Fuctional art celebrates Amish customs
Posted Dec. 1, 2006

Maria Villalpando

Creating a cookie decoration with clay, Erin Kilpatrick, a senior, tries one of the “hands-on” exhibits using traditional Pennsylvania Dutch tin cookie cutter shapes. Pitzer College’s Nichols Gallery presented an exhibition on Dutch folk arts. Kilpatrick heard about the event from a dorm resident.


A unique art exhibit was held at Pitzer College in honor of Pennsylvania Dutch Folk Arts and Artisans on Nov 14.

The Pennsylvania Dutch refers to people of such religious faiths as Amish, Lutheran and Anabaptist who descended from German immigrants, arriving in Pennsylvania before 1800.

The Amish are the most conservative members of the Pennsylvania Dutch tradition and the most well known sect in society.

Anthropology Professor Sheryl Miller and her students hosted this museum-like gallery to show a side of American culture that has long been hidden.

As part of the Museums and Material Culture course at Pitzer College, students were given the opportunity to become curators.

“This was the perfect way for [our professor] to introduce us to culture and museum studies,” said Camille Frazier, an anthropology major at Scripps College.

Various artifacts, linens and household materials were lined along the walls of this small gallery.

Each material held a meaning that has influenced modern life.

The artifacts are not intended to be works of art, but to represent functional forms and design.

The exhibit was dedicated to the memory of the Amish girls who died in last month’s Lancaster County schoolhouse shooting.

“It’s a really good learning experience for students,” Miller said.
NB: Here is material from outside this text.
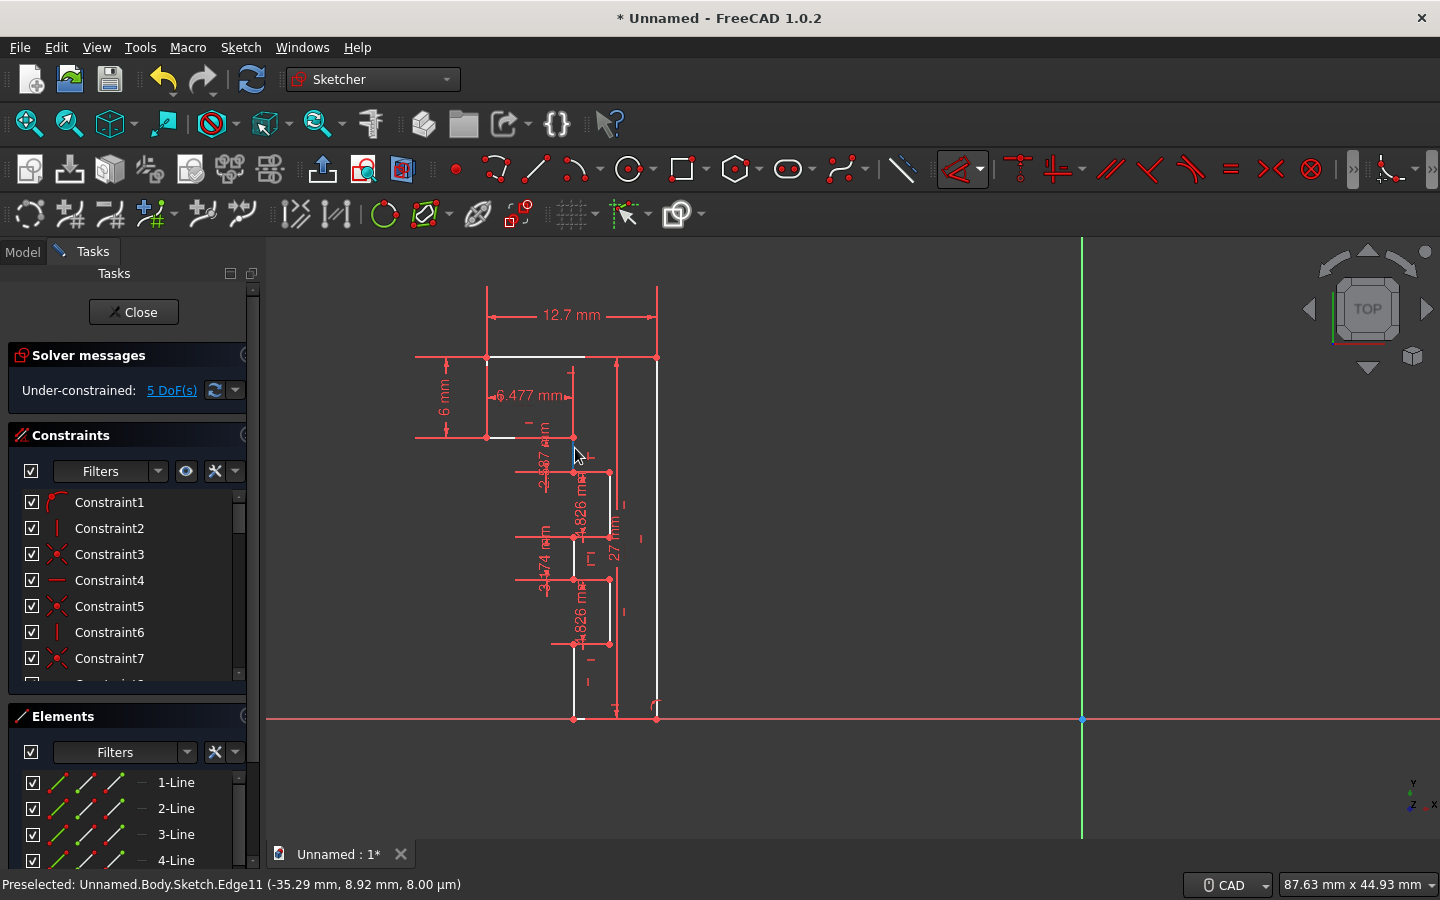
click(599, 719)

“[It] took a long time to conceptualize the plan, then finally make everything happen,” she added.

Wrought iron styles were a big part of the exhibit.

Elaborate door hinges and handles were presented on simple wood door planks.

Also, all wrought iron utensils made by blacksmiths were given typical Pennsylvania Dutch hooks so that they could be hung on the hearth.

The cookie cutters display was an interesting and popular exhibit.

This American invention became a big hit in the Pennsylvania Dutch culture with various shapes and sizes relating to biblical terms.

For a hands on experience, guests were given the chance to cut out shapes of clay with the cookie cutters to make Christmas ornaments.

“ I love the cookie cutters and what that represents about families, mothers and children,”  said Catherine Grier Carlson, chaplin of the Claremont Colleges.

Sheryl Miller said the Pennsylvania Dutch culture appealed to her because her great grandfather was a blacksmith.

Miller began collecting folk arts about 10 years ago when she became fascinated with the Amish culture.

Most of her pieces came from antique shops from Pennsylvania, and from friends.

Even though these pieces are for everyday use, Miller said she found them to be extremely beautiful.

The exhibit presented an overall unique set up. This was not your ordinary “ come and look at what I can paint or draw”  type of event.

This was life in a hands-on setting.

“ This exhibit showed that products were used over and over in the past instead of the throw-away mechanism we have today,” Miller said.

The exhibit will run until Dec. 8 in the Nichols Gallery at Pitzer College.